Today’s Chicago Tribune reports that receipts at the Millennium Park Garage continue to dwindle far below the maintenance costs of Chicago’s showpiece lakefront park, which the monies were supposed to cover. Helping to fund the renewal of a vibrant, transit-friendly, walkable downtown by attracting more vehicle congestion into it. Am I missing something here?

Other cities, notably European ones such as Lisbon and Paris, build underground car parks to manage the automobile congestion already present in their centers. But in Chicago, the idea seems never to have been to satiate existing parking needs. Indeed, with the heart of Chicago’s business district now squarely installed on the western side of the Loop, there wasn’t much need to begin with.

The Tribune article notes that the City expected parking revenues to come from new trips into the East Loop that Millennium Park and its beneficial economic effect would attract.

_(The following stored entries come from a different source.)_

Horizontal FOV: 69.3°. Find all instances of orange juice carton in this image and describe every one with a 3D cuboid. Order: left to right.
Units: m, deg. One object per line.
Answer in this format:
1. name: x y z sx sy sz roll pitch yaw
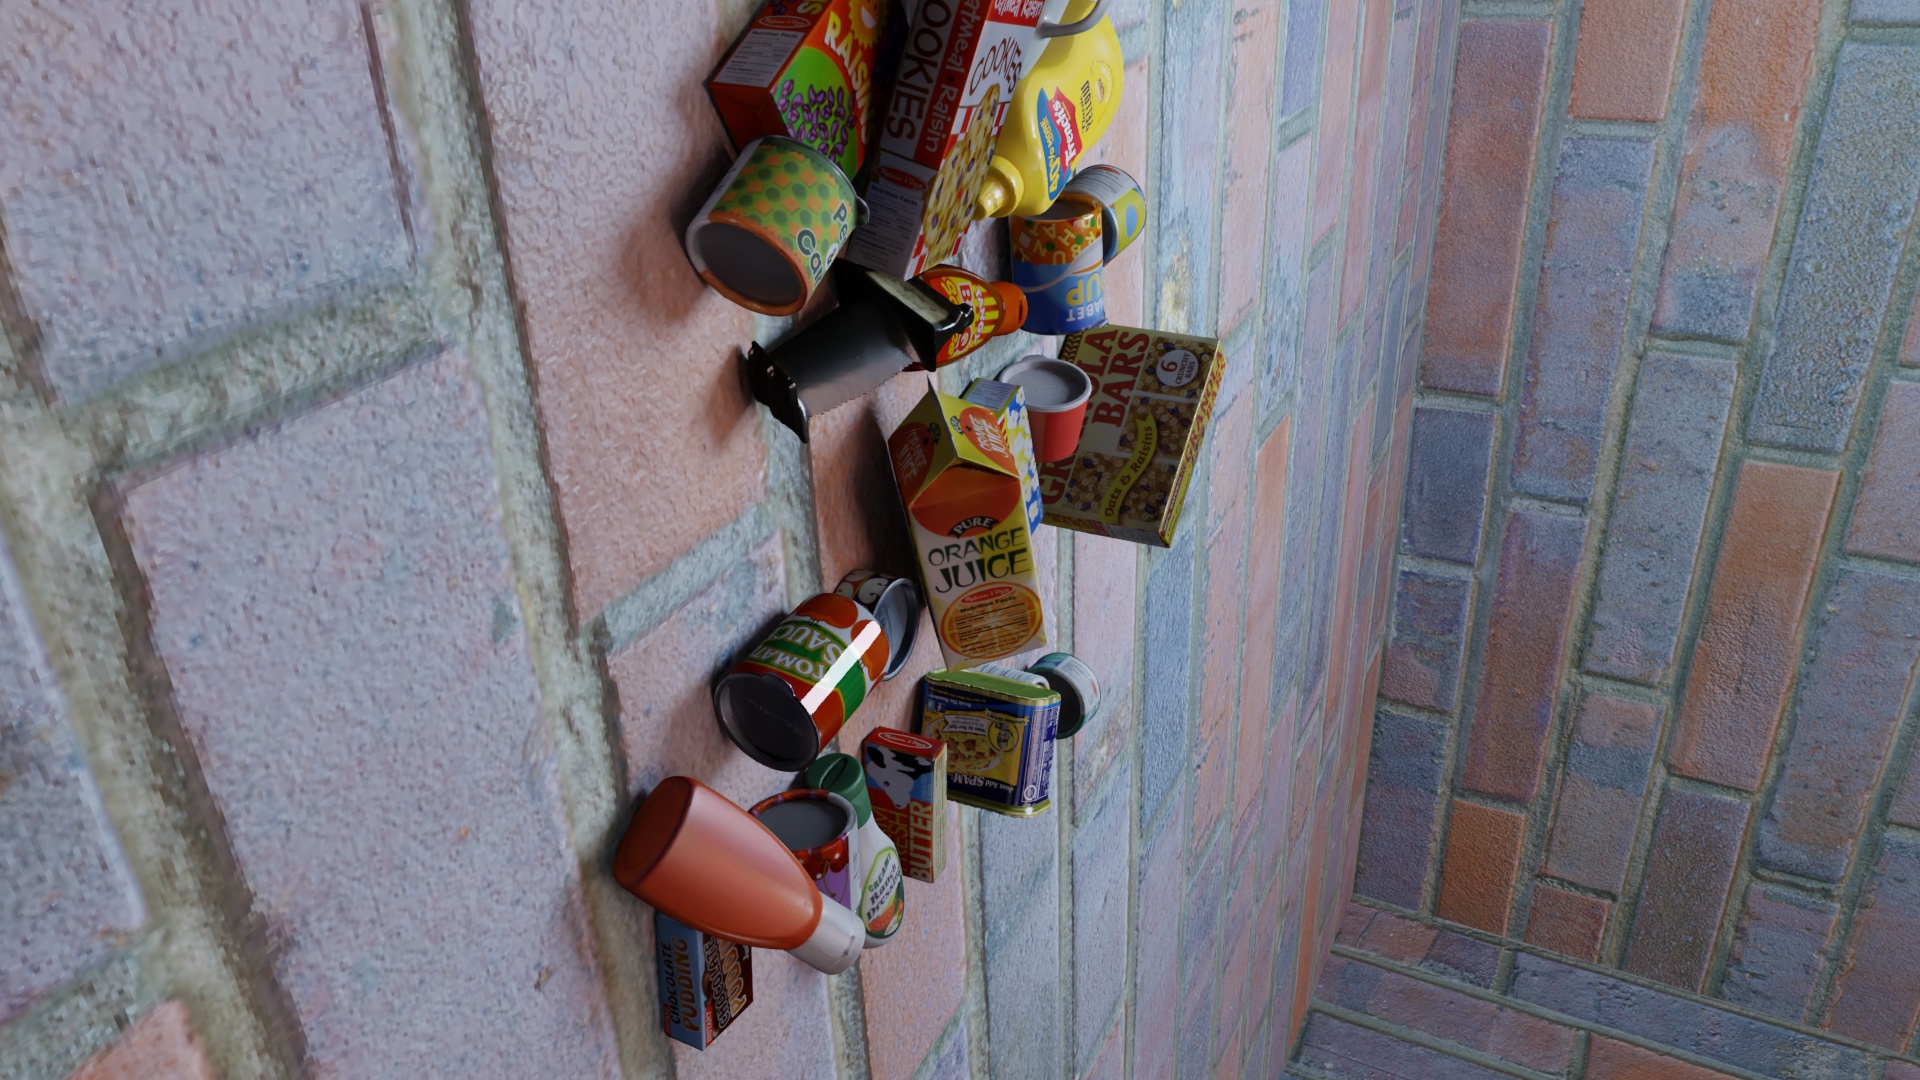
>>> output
1. orange juice carton: 0.003 -0.011 0.888 0.072 0.073 0.191 -108 -176 -49

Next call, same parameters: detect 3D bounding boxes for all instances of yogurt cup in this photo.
1. yogurt cup: 0.060 -0.093 1.015 0.073 0.072 0.053 -51 152 -44

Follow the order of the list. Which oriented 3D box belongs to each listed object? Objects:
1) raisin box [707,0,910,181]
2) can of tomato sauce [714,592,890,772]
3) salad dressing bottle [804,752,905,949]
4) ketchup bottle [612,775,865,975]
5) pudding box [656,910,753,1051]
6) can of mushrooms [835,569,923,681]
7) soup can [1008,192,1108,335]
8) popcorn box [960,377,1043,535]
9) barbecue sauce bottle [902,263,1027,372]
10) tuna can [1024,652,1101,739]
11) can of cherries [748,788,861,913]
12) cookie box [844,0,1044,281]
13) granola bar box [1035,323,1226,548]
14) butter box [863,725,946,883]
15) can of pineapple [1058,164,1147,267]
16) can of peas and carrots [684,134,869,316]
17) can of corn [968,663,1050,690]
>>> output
1. raisin box: -0.070 -0.237 0.708 0.124 0.040 0.085 -64 152 -26
2. can of tomato sauce: -0.086 0.076 0.776 0.083 0.071 0.070 -48 142 -48
3. salad dressing bottle: -0.069 0.200 0.892 0.064 0.044 0.146 -52 144 -42
4. ketchup bottle: -0.111 0.185 0.736 0.148 0.043 0.065 43 62 -34
5. pudding box: -0.141 0.232 0.771 0.050 0.030 0.083 -31 128 -56
6. can of mushrooms: -0.054 0.051 0.873 0.071 0.033 0.070 -36 131 -55
7. soup can: 0.071 -0.196 0.982 0.072 0.071 0.083 -47 141 -48
8. popcorn box: 0.019 -0.038 0.980 0.085 0.038 0.126 -56 147 -38
9. barbecue sauce bottle: -0.004 -0.144 0.881 0.149 0.044 0.064 -23 120 -61
10. tuna can: 0.078 0.130 1.148 0.033 0.071 0.070 -31 128 -56
11. can of cherries: -0.094 0.187 0.811 0.072 0.071 0.058 -39 134 -54
12. cookie box: -0.006 -0.236 0.764 0.123 0.040 0.166 -51 162 -67
13. granola bar box: 0.124 -0.085 1.079 0.166 0.124 0.039 -70 154 -17
14. butter box: -0.037 0.180 0.940 0.024 0.053 0.103 -40 136 -57
15. can of pineapple: 0.097 -0.235 1.026 0.058 0.071 0.070 -47 140 -48
16. can of peas and carrots: -0.088 -0.150 0.670 0.059 0.071 0.070 -63 151 -28
17. can of corn: 0.029 0.130 1.050 0.071 0.058 0.071 -37 132 -54

The fact that the East Loop has the second-largest concentration of public transit in the United States–including a major Metra and South Shore commuter rail terminal located immediately beneath Millennium Park–seems all but ignored in the decision to bet the farm, er, park, on parking receipts.

While it’s true that gas prices have been a big disincentive to drive downtown of late, it seems injudicious if not downright fiscally irresponsible to ignore the usefulness of a public-transit infrastructure that represents a monetary investment over the years in the hundreds of millions. Just what did we build the L and commuter rail for, anyway?

So now, with CTA ridership at its highest levels in 13 years and the economic fortunes of the East Loop indeed rising from the economic multiplier effect from Millennium Park, why anyone should be surprised that people are actually usung that transit system to get down here instead of driving is a surprise only to those who have willfully not been paying attention.

The kicker, though, comes at the end of the article when the Trib notes that the City expects some relief to come from the 10,000 new East Loop residents expected to settle into downtown in the next few years. The last time I checked, all the smart new buildings going up downtown had their own smart new garages being built right in. If these, my new neighbors, even choose to keep a car downtown and drive–instead of walking or taking transit as most of us downtowners do–they sure won’t be parking at Millennium Park.

At least not at those prices (can’t make this stuff up, folks).